Indeed: we cannot deny or gloss over our increasing internal political diversity as a Church.  Still, can we accept being conquered and ruled by monied powers, by powers willing to cede all human agency to artificial intelligence, by powers unconcerned with the global and planetary impacts of climate change and fracking, by powers unconcerned with the equal and equitable access of all people regardless of race, class, gender, and sexual orientation to employment and other opportunities at all levels of society, by powers that create hurdles for fugitives escaping harmful, violent, and dangerous circumstances of exploitation and insecurity, by perverse contemporary crusaders of Christian nationalism?

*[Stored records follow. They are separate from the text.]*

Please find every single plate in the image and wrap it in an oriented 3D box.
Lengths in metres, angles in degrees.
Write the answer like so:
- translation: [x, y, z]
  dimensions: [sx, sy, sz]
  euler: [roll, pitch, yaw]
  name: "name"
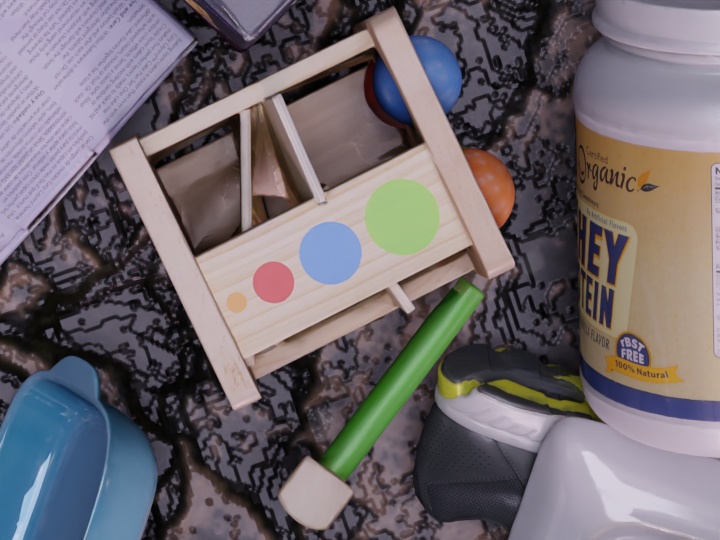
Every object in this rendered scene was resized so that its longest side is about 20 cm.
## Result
- translation: [0.151, 0.181, 1.380]
  dimensions: [0.199, 0.032, 0.200]
  euler: [17, 116, -5]
  name: "plate"

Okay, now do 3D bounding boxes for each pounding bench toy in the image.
- translation: [0.000, 0.000, 1.354]
  dimensions: [0.155, 0.124, 0.201]
  euler: [-26, 94, -2]
  name: "pounding bench toy"

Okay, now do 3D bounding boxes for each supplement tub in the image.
- translation: [0.165, -0.033, 1.323]
  dimensions: [0.144, 0.144, 0.201]
  euler: [-4, 109, -3]
  name: "supplement tub"

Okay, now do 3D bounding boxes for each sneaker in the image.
- translation: [0.116, 0.101, 1.402]
  dimensions: [0.199, 0.075, 0.085]
  euler: [22, 116, -9]
  name: "sneaker"

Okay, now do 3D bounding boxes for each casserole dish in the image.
- translation: [-0.144, 0.139, 1.364]
  dimensions: [0.039, 0.121, 0.201]
  euler: [18, 92, -31]
  name: "casserole dish"

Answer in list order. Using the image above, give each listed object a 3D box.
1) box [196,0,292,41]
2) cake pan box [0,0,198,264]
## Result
- translation: [-0.046, -0.173, 1.298]
  dimensions: [0.106, 0.200, 0.122]
  euler: [44, 89, -5]
  name: "box"
- translation: [-0.204, -0.094, 1.376]
  dimensions: [0.184, 0.052, 0.200]
  euler: [41, 90, -2]
  name: "cake pan box"
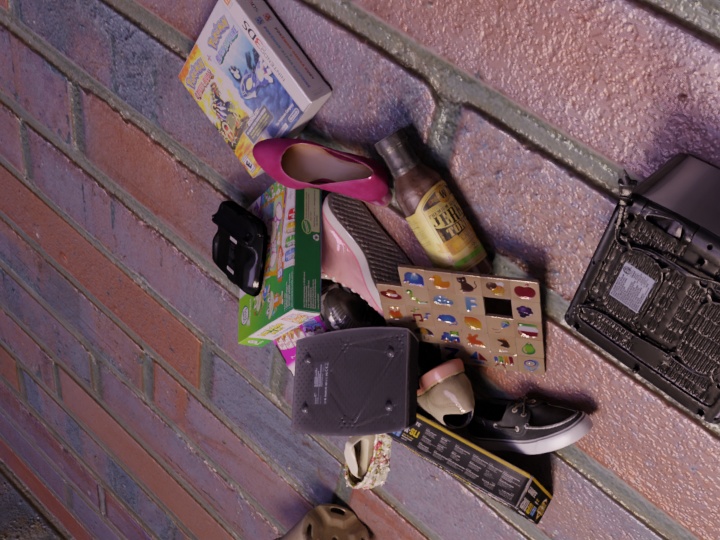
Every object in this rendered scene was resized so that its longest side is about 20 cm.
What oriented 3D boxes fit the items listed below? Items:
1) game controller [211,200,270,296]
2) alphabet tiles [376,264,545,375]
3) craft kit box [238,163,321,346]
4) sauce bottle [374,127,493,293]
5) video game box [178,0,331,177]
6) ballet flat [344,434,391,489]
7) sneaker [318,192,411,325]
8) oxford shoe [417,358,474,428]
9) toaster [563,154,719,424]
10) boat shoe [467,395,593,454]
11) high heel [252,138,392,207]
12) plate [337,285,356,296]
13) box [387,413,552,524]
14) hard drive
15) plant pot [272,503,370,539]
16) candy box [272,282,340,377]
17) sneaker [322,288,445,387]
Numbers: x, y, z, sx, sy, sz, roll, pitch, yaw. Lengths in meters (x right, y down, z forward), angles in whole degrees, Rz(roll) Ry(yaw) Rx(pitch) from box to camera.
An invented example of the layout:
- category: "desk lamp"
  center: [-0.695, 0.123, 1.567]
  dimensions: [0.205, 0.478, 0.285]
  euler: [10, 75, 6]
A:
- category: "game controller"
  center: [-0.172, -0.034, 1.260]
  dimensions: [0.200, 0.042, 0.106]
  euler: [-147, 54, -62]
- category: "alphabet tiles"
  center: [0.120, 0.059, 1.066]
  dimensions: [0.198, 0.008, 0.168]
  euler: [7, 139, 21]
- category: "craft kit box"
  center: [-0.112, -0.016, 1.212]
  dimensions: [0.197, 0.048, 0.202]
  euler: [145, 128, -59]
- category: "sauce bottle"
  center: [0.082, -0.071, 1.044]
  dimensions: [0.065, 0.065, 0.201]
  euler: [-24, 101, 52]
- category: "video game box"
  center: [-0.145, -0.247, 1.174]
  dimensions: [0.183, 0.047, 0.200]
  euler: [55, 143, 4]
- category: "ballet flat"
  center: [0.008, 0.211, 1.190]
  dimensions: [0.075, 0.064, 0.202]
  euler: [23, 122, 45]
- category: "sneaker"
  center: [0.000, 0.000, 1.177]
  dimensions: [0.201, 0.075, 0.105]
  euler: [56, 139, 11]
- category: "oxford shoe"
  center: [0.106, 0.177, 1.158]
  dimensions: [0.200, 0.070, 0.074]
  euler: [91, 154, -71]
- category: "toaster"
  center: [0.307, 0.009, 0.819]
  dimensions: [0.180, 0.118, 0.201]
  euler: [35, 139, 22]
- category: "boat shoe"
  center: [0.200, 0.188, 1.113]
  dimensions: [0.199, 0.068, 0.057]
  euler: [-18, 104, 54]
- category: "high heel"
  center: [-0.055, -0.130, 1.092]
  dimensions: [0.199, 0.068, 0.096]
  euler: [27, 173, 17]
- category: "plate"
  center: [-0.028, 0.117, 1.332]
  dimensions: [0.199, 0.032, 0.201]
  euler: [-15, 106, 51]
- category: "box"
  center: [0.144, 0.255, 1.167]
  dimensions: [0.199, 0.050, 0.160]
  euler: [25, 167, 29]
- category: "hard drive"
  center: [-0.007, 0.144, 1.138]
  dimensions: [0.199, 0.042, 0.136]
  euler: [-10, 72, 42]
- category: "plant pot"
  center: [-0.074, 0.520, 1.579]
  dimensions: [0.200, 0.200, 0.184]
  euler: [43, 130, 15]
- category: "candy box"
  center: [-0.043, 0.128, 1.279]
  dimensions: [0.136, 0.061, 0.201]
  euler: [-17, 104, 49]
- category: "sneaker"
  center: [0.040, 0.085, 1.195]
  dimensions: [0.200, 0.067, 0.090]
  euler: [44, 134, -13]
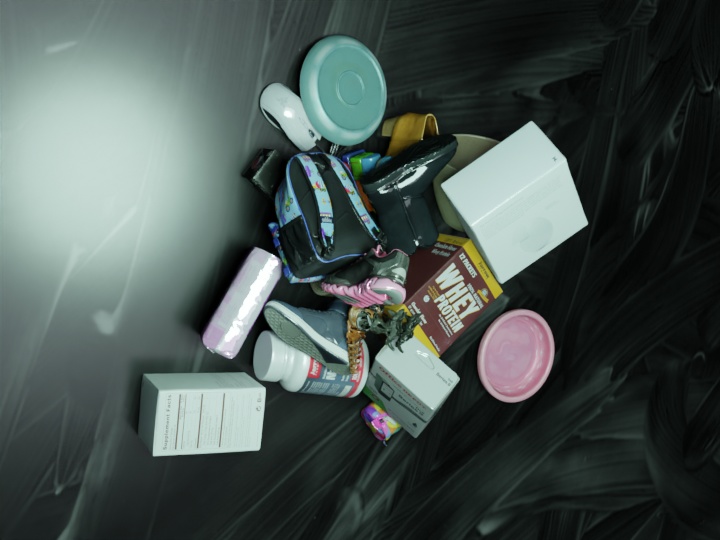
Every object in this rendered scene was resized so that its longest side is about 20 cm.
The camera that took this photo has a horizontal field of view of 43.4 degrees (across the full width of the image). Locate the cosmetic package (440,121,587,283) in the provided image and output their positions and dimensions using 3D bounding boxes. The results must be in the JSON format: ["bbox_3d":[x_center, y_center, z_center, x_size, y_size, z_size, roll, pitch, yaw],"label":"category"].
[{"bbox_3d":[0.278,-0.120,1.625,0.198,0.124,0.200,-34,142,3],"label":"cosmetic package"}]

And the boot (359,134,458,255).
[{"bbox_3d":[0.109,-0.131,1.634,0.198,0.076,0.170,-30,120,-8],"label":"boot"}]

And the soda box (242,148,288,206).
[{"bbox_3d":[-0.120,-0.134,1.662,0.200,0.063,0.071,43,78,-28],"label":"soda box"}]

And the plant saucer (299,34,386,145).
[{"bbox_3d":[-0.023,-0.335,1.676,0.198,0.027,0.204,-1,91,-38],"label":"plant saucer"}]

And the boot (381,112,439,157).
[{"bbox_3d":[0.092,-0.195,1.715,0.070,0.143,0.205,-6,101,-32],"label":"boot"}]

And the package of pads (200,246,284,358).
[{"bbox_3d":[-0.210,0.056,1.612,0.075,0.120,0.202,30,85,-10],"label":"package of pads"}]

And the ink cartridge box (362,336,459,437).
[{"bbox_3d":[0.090,0.213,1.695,0.145,0.201,0.084,40,67,12],"label":"ink cartridge box"}]

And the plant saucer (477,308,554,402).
[{"bbox_3d":[0.330,0.181,1.963,0.197,0.051,0.205,-5,102,-26],"label":"plant saucer"}]

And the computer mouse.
[{"bbox_3d":[-0.103,-0.259,1.660,0.200,0.044,0.110,42,80,-27],"label":"computer mouse"}]

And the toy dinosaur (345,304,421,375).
[{"bbox_3d":[0.026,0.080,1.588,0.102,0.134,0.203,-25,131,-56],"label":"toy dinosaur"}]

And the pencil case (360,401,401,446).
[{"bbox_3d":[0.094,0.262,1.830,0.199,0.088,0.089,-36,113,-21],"label":"pencil case"}]

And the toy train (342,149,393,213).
[{"bbox_3d":[0.030,-0.123,1.705,0.084,0.115,0.204,-24,113,-38],"label":"toy train"}]

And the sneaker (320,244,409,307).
[{"bbox_3d":[0.012,0.006,1.512,0.078,0.198,0.097,28,71,-36],"label":"sneaker"}]

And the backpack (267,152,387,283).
[{"bbox_3d":[-0.074,-0.096,1.575,0.181,0.134,0.203,-12,75,-46],"label":"backpack"}]

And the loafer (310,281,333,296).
[{"bbox_3d":[0.000,0.000,1.732,0.197,0.076,0.069,-24,149,-1],"label":"loafer"}]

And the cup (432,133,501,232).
[{"bbox_3d":[0.224,-0.161,1.786,0.197,0.201,0.145,-7,126,-26],"label":"cup"}]

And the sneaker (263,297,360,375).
[{"bbox_3d":[-0.073,0.076,1.629,0.201,0.077,0.148,37,56,-21],"label":"sneaker"}]

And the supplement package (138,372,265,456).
[{"bbox_3d":[-0.284,0.252,1.613,0.197,0.116,0.120,3,98,-28],"label":"supplement package"}]

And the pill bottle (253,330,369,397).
[{"bbox_3d":[-0.094,0.170,1.697,0.197,0.119,0.122,9,95,-29],"label":"pill bottle"}]

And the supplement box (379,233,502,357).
[{"bbox_3d":[0.125,0.043,1.746,0.200,0.197,0.134,-43,114,-15],"label":"supplement box"}]
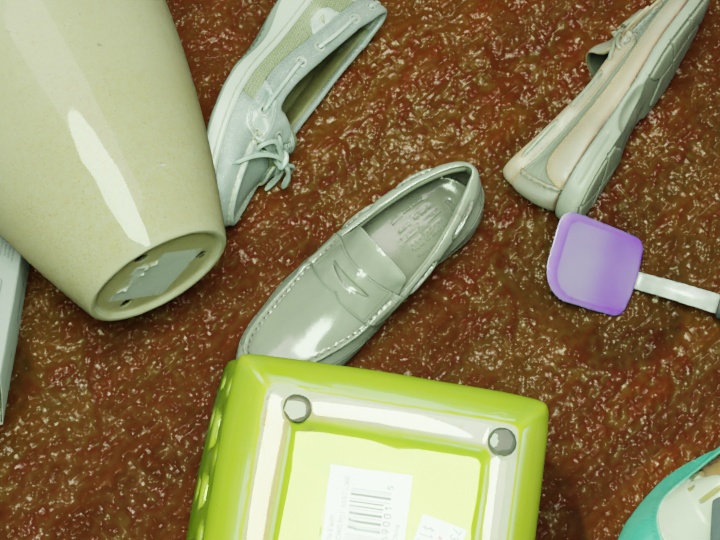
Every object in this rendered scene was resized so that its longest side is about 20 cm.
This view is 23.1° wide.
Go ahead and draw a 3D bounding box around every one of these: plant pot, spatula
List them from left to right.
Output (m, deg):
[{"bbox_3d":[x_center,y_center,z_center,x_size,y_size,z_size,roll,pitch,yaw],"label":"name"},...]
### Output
[{"bbox_3d":[-0.167,-0.078,1.064,0.186,0.188,0.201,-27,72,-15],"label":"plant pot"},{"bbox_3d":[0.000,0.150,0.968,0.197,0.182,0.202,10,79,-2],"label":"plant pot"},{"bbox_3d":[0.216,0.018,1.143,0.198,0.021,0.057,18,88,-1],"label":"spatula"}]

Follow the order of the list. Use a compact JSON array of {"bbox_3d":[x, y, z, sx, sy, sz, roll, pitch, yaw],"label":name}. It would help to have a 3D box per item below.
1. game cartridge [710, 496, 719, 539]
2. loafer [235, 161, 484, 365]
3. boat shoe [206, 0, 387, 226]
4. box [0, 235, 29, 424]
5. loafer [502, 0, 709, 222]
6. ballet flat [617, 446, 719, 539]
[{"bbox_3d":[0.298,0.188,1.036,0.198,0.040,0.135,5,82,-17],"label":"game cartridge"},{"bbox_3d":[0.000,0.000,1.109,0.070,0.070,0.200,42,70,12],"label":"loafer"},{"bbox_3d":[-0.049,-0.110,1.152,0.064,0.075,0.203,22,60,9],"label":"boat shoe"},{"bbox_3d":[-0.304,0.026,1.049,0.198,0.041,0.157,0,36,-4],"label":"box"},{"bbox_3d":[0.167,-0.125,1.181,0.063,0.072,0.201,28,70,15],"label":"loafer"},{"bbox_3d":[0.231,0.132,1.074,0.199,0.071,0.067,-36,75,-18],"label":"ballet flat"}]
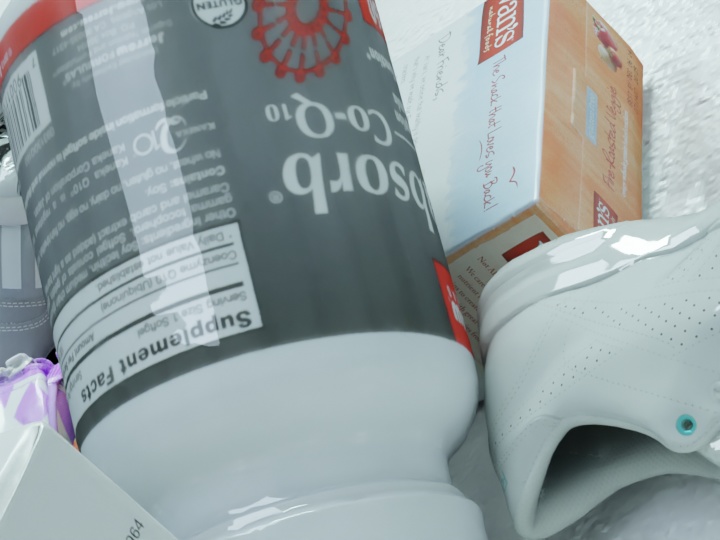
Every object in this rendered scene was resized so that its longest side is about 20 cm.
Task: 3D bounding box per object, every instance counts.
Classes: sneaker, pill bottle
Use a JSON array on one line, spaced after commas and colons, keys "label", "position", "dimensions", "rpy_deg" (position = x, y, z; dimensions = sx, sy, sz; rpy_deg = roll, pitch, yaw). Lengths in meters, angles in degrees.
[{"label": "sneaker", "position": [-0.106, 0.001, 1.042], "dimensions": [0.075, 0.116, 0.200], "rpy_deg": [3, 9, 16]}, {"label": "sneaker", "position": [0.113, 0.014, 0.710], "dimensions": [0.200, 0.075, 0.089], "rpy_deg": [-32, 40, 37]}, {"label": "pill bottle", "position": [-0.031, 0.008, 0.773], "dimensions": [0.116, 0.116, 0.200], "rpy_deg": [-28, 67, 32]}]

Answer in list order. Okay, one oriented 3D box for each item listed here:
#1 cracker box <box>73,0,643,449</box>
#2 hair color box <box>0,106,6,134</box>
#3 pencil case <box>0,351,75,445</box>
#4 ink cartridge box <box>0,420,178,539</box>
[{"label": "cracker box", "position": [0.000, 0.000, 0.898], "dimensions": [0.200, 0.058, 0.134], "rpy_deg": [-32, 29, 28]}, {"label": "hair color box", "position": [-0.219, -0.015, 1.062], "dimensions": [0.200, 0.061, 0.102], "rpy_deg": [-45, -5, 3]}, {"label": "pencil case", "position": [-0.182, 0.082, 0.927], "dimensions": [0.200, 0.086, 0.084], "rpy_deg": [-12, 18, 0]}, {"label": "ink cartridge box", "position": [-0.064, 0.136, 0.617], "dimensions": [0.145, 0.200, 0.084], "rpy_deg": [-19, 35, 43]}]
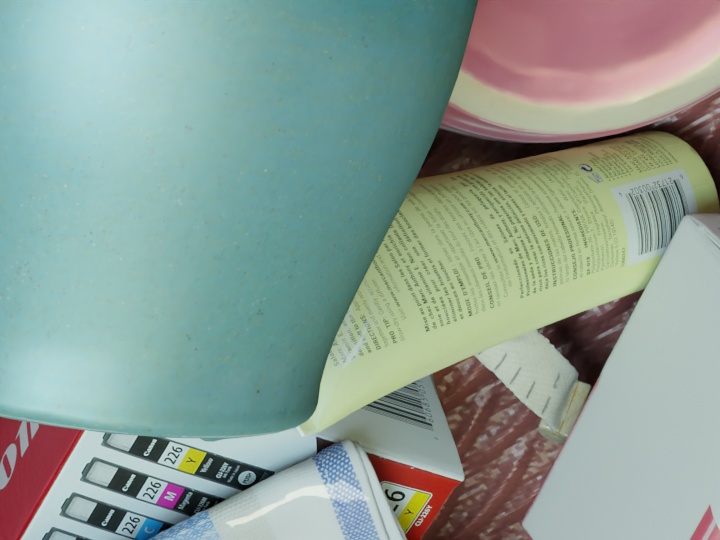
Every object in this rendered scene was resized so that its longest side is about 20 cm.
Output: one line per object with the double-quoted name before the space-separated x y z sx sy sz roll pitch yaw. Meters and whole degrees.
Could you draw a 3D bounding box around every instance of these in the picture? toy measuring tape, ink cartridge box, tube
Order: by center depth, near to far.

The conspiring allies needed to dismantle and defeat oppressive demonarchies now in power in the United States and around the world will not be changing any time soon!  These conspiring allies include documented and undocumented Black and brown immigrants; these allies include our family members who have been, are, or will be incarcerated as a direct result of bias and unjust policing;  these allies include people who are only alive today because they had access to safe, legal, and affordable abortions; these allies include the unhoused; these allies include quare, queer, bisexual, lesbian, gay, transgender, two-spirit, and intersex people; these allies include people who cannot afford to tithe, much less attend our “solemn assemblies” (Isaiah 1.13-17).  The liberation of some is still inextricably bound with the liberation of all!

We cannot dodge this final question because its answer determines our commitment, preparedness, fitness, and capacity to attain and sustain justice in any meaningful way anywhere: Will we preach and live out this “good news” within the AME Church for liberating justice within and without?